Abstract This study reveals the dynamics behind the intensified, downslope, cross-isobath transport over a widened shelf (narrowing downwave) in the northeastern South China Sea (NSCS) during a downwelling event. Utilizing a three-dimensional numerical model over an idealized NSCS shelf, this study identified the forcing process and derived an analytical understanding of the invoked dynamics for the intensified downslope cross-isobath transport. This study found that the transport was formed by an amplified geostrophic transport because of an increased positive along-isobath pressure gradient force (PGF), PY*, and by an enhanced bottom Ekman transport due to converging flow over the widened shelf. Based on the depth-integrated vorticity dynamics, PY* was linked with net frictional stress curl in the water column and the curl was primarily associated with the shear vorticity field induced by downwelling jet. The increased positive vorticity seaside of the jet provided positive PY* for the downslope geostrophic transport.
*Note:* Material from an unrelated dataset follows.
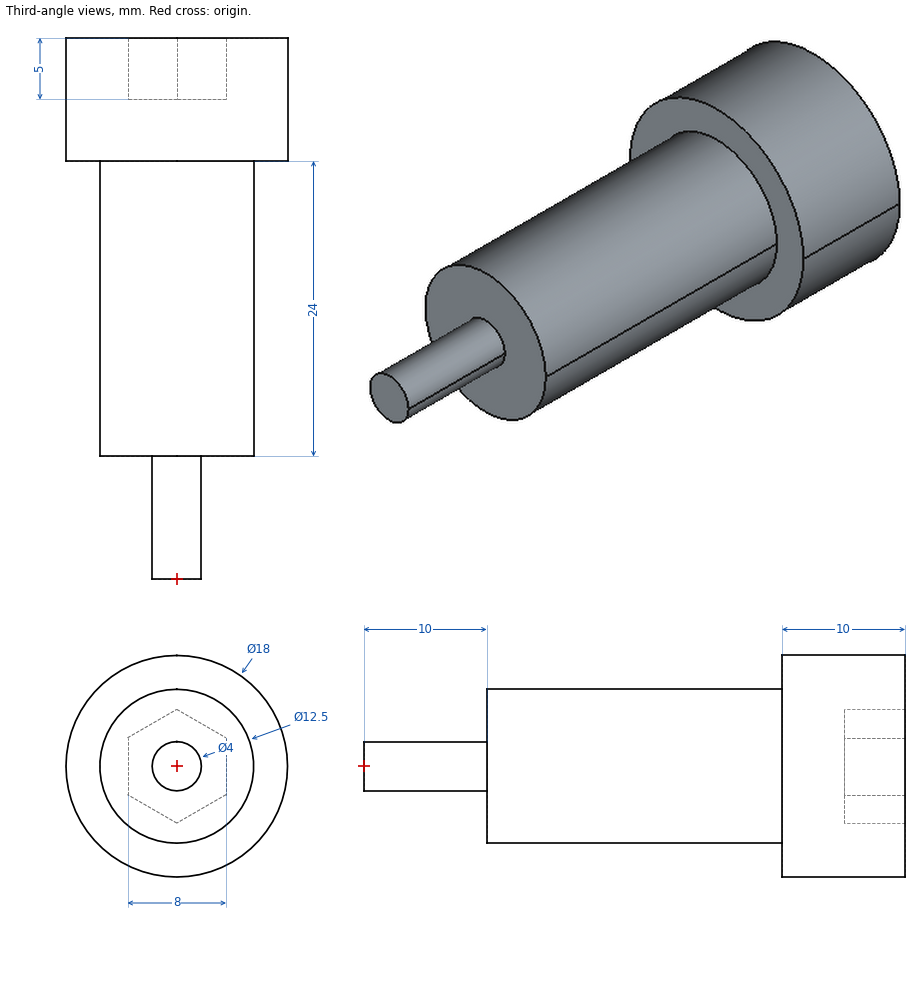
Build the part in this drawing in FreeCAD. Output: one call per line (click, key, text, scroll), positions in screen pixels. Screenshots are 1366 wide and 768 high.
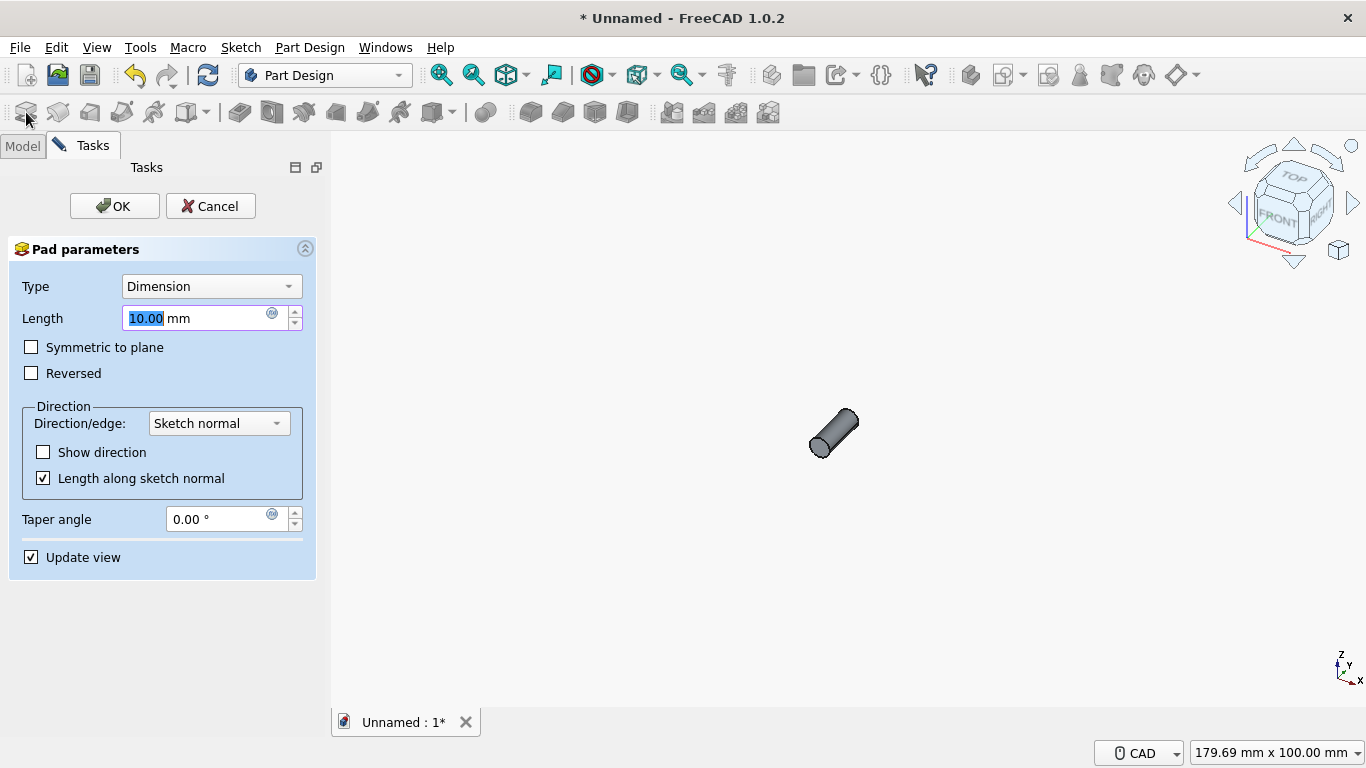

The cross-isobath PGF, PX*, which was geostrophically formed and shaped by the spatially asymmetric isobaths of the widened shelf, determined the intensities of the jet and thus the associated shear vorticity that quantified the respective bottom friction transport and PY* for the intensified cross-isobath transport. It was found that the downslope transport over the widened shelf was strengthened in a stratified flow by the linked intensifications of barotropic PX* or the concurrent downwelling jet, shear vorticity field, PY*, and bottom friction because of an increase of volume flux upstream of the widened shelf.